World

Depicting North Korea

Song Byeok at an exhibition of his work hosted by the Oslo Freedom Forum in Oslo, Norway, June 2024 (Julie Hrnčířová)
Song Byeok was once a propaganda artist. Now he paints the reality of his native country.

Editor’s Note: The below is an expanded version of a piece that appears in the current issue of National Review.

Oslo

Some art exhibitions are unusual — but this one is especially so: in its art, yes, but also in the sounds coming from loudspeakers in the venue. We hear a man intoning, or barking, North Korean propaganda. We also hear birdsong — a sweet contrast to the barking. Later, the artist will explain the birdsong.

In North Korean propaganda, he tells me, there is a line that goes something like this: “In the socialist paradise of Chairman Kim, even the birds sing for joy.” The artist recorded the birdsong outside his home in Germany. The talking is borrowed from North Korean state TV (the only kind of TV there is in dictatorships).

Our artist is Song Byeok, and the exhibition is hosted by the Oslo Freedom Forum, the annual human-rights gathering here in the Norwegian capital. Song Byeok was once a North Korean propagandist, painting images that celebrated the regime. He would show, for example, happy laborers, working their hearts out for whichever Kim was in power. Now, however, he paints images that are ironic or satirical. For instance, we see a picture of Kim Jong-un with a dove of peace. In one of the chairman’s hands is a bottle of Coca-Cola; with the other, he is giving a thumbs-up.

What does this mean, precisely? I’m not sure, but I bet Chairman Kim wouldn’t like it.
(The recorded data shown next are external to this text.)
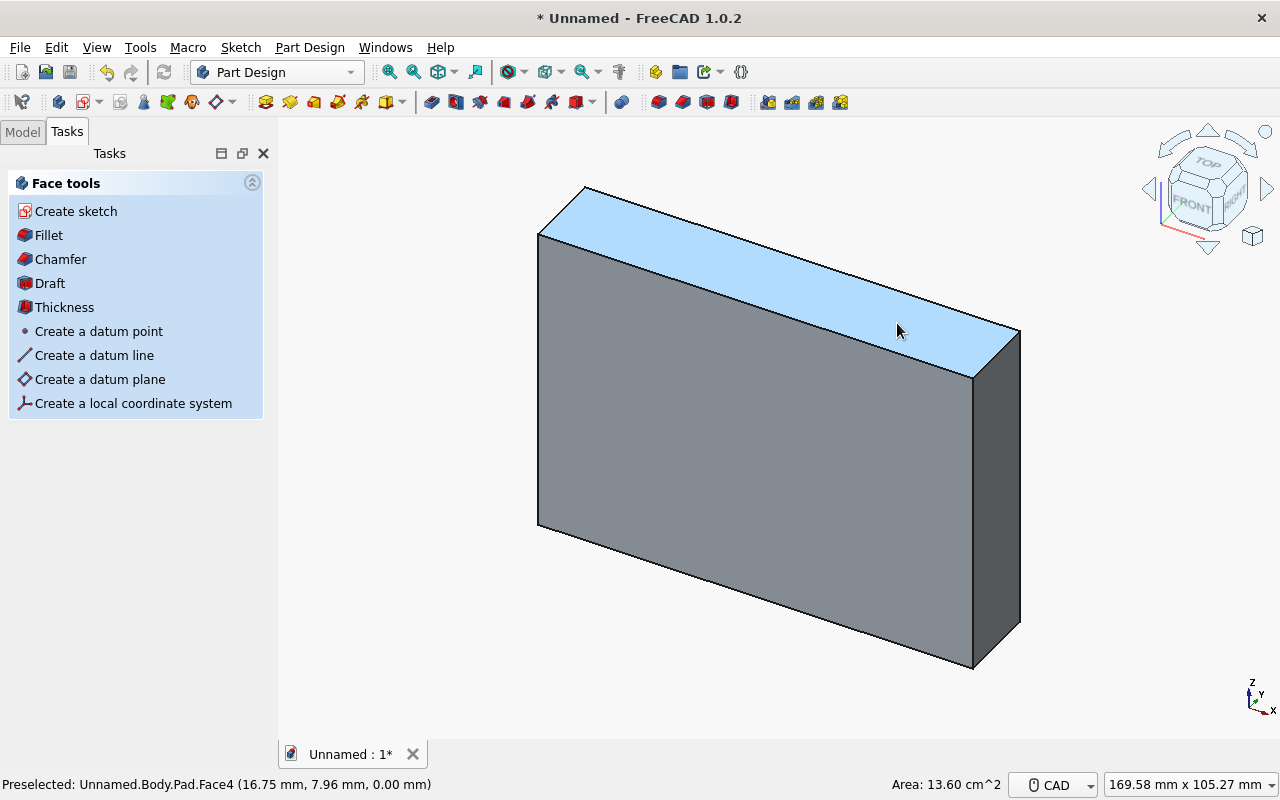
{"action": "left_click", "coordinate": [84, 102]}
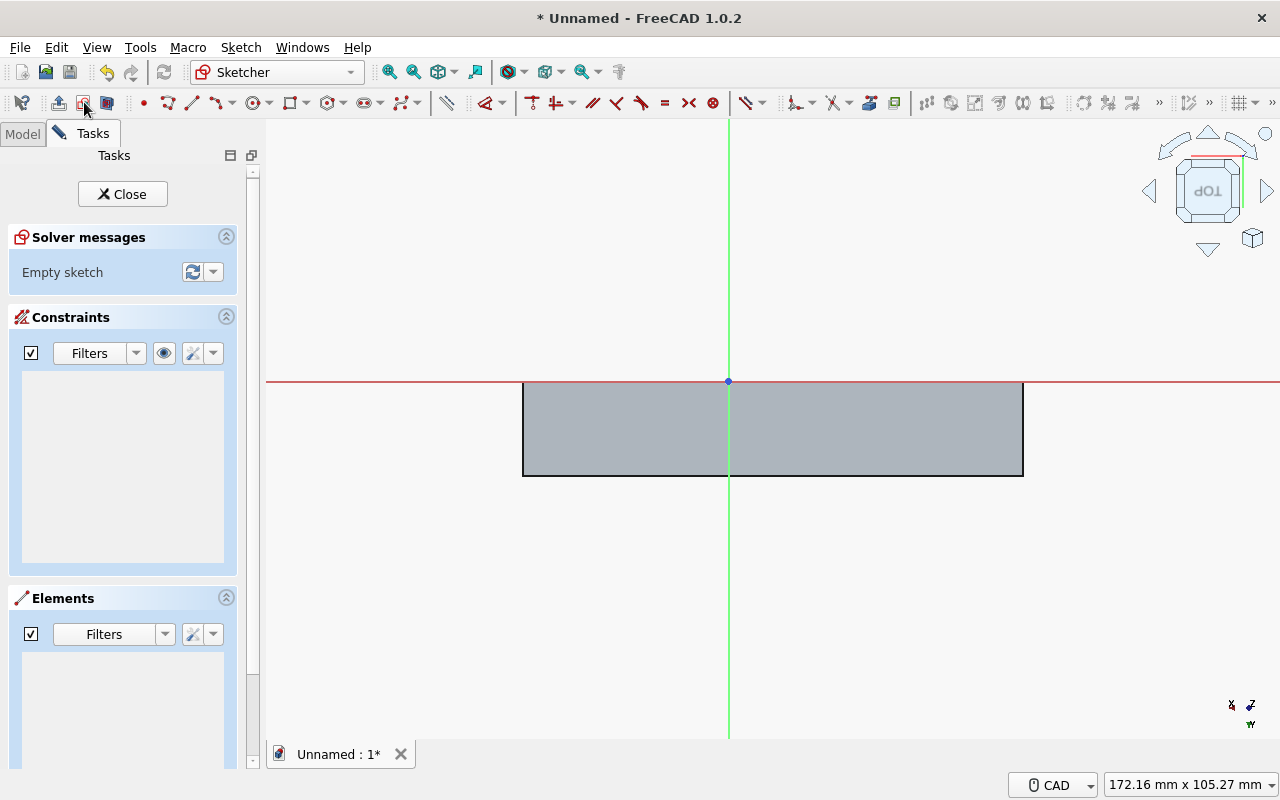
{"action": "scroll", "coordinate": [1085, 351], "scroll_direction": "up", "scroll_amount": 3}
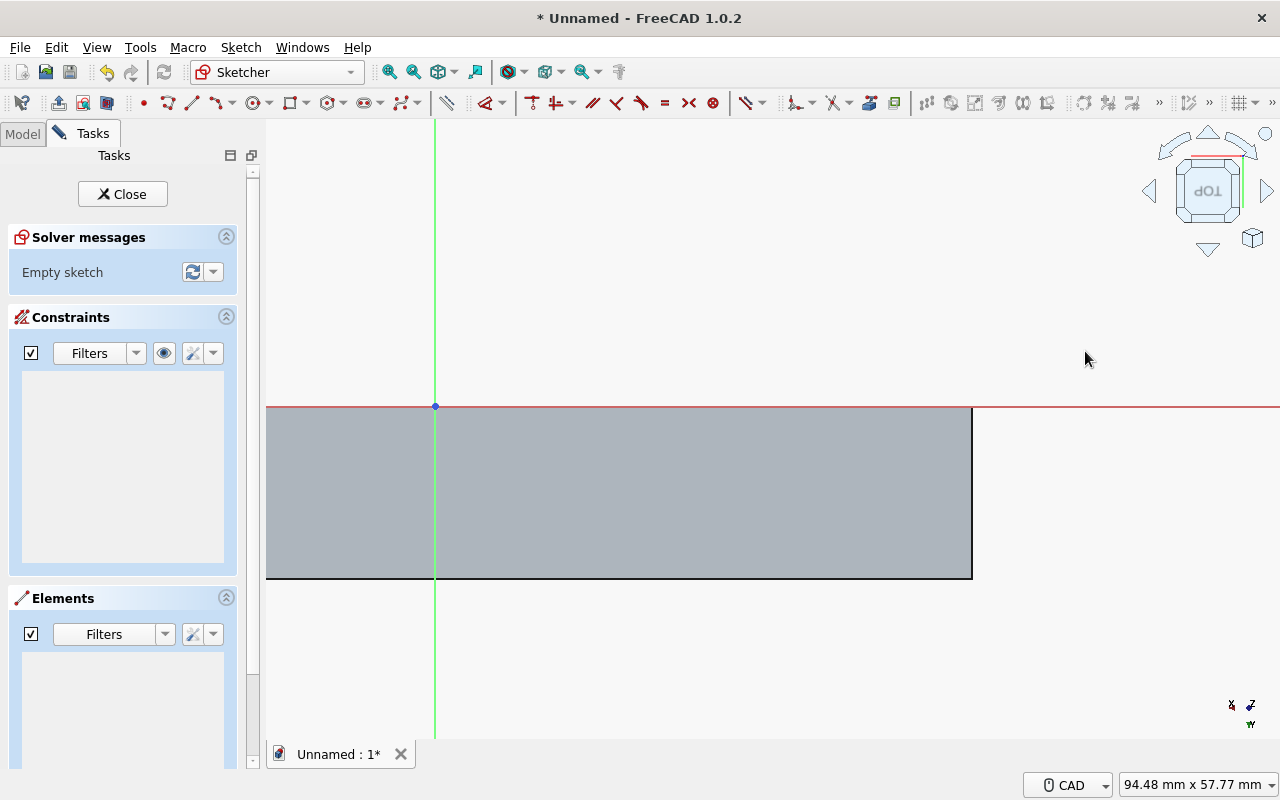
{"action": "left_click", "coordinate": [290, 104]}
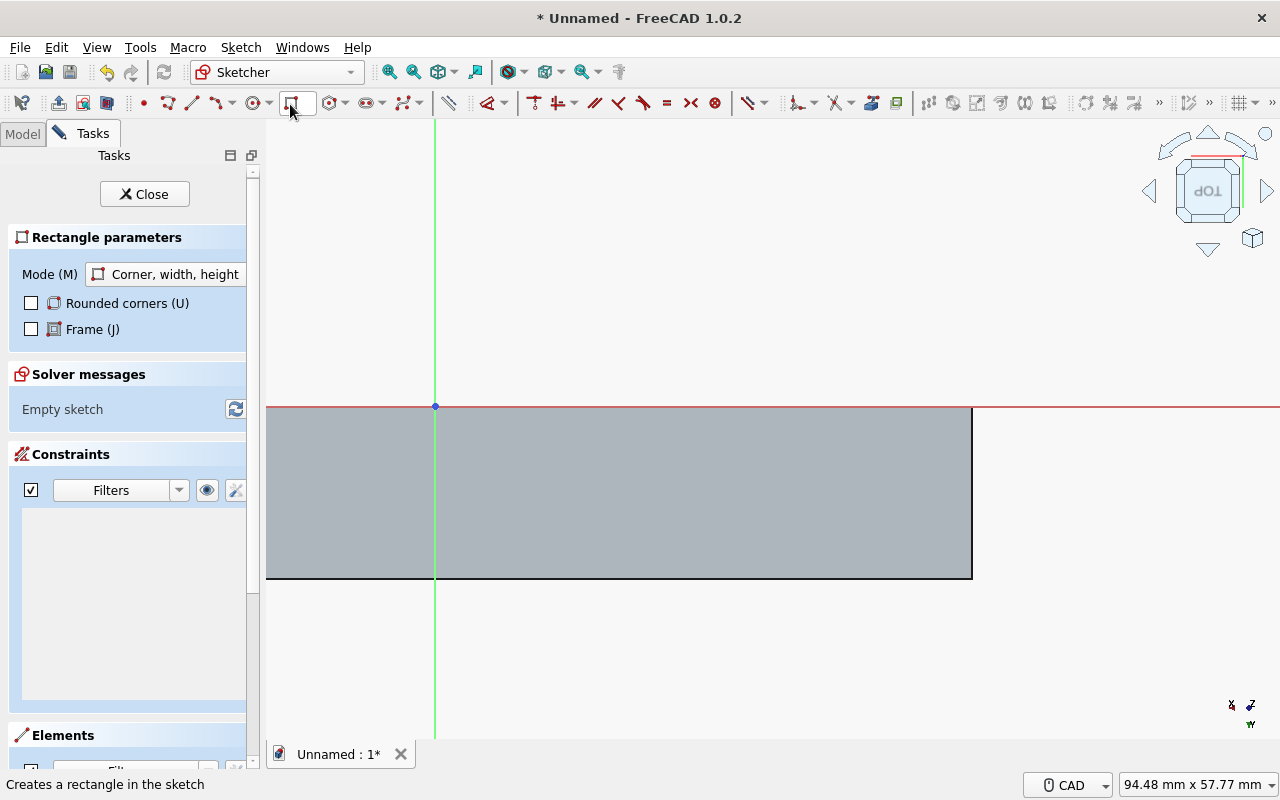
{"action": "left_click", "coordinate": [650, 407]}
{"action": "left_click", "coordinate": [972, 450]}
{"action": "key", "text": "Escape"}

Many of the pictures are in the pop-art style. Indeed, Song Byeok has been called the “Andy Warhol of North Korea.” But he has other styles as well. On one wall, for example, there is a string of pictures that tell the artist’s life story. It speaks for the lives of North Koreans in general, too. The pictures are simple, direct, and affecting. They are hard to bear, for they depict terrible things, including famine, brutality, and death.

The last of the pictures is a handprint. One of the fingers is severed. Song Byeok lost this finger, or most of it, during one of his terms in prison. When I shake his hand — I think of the picture.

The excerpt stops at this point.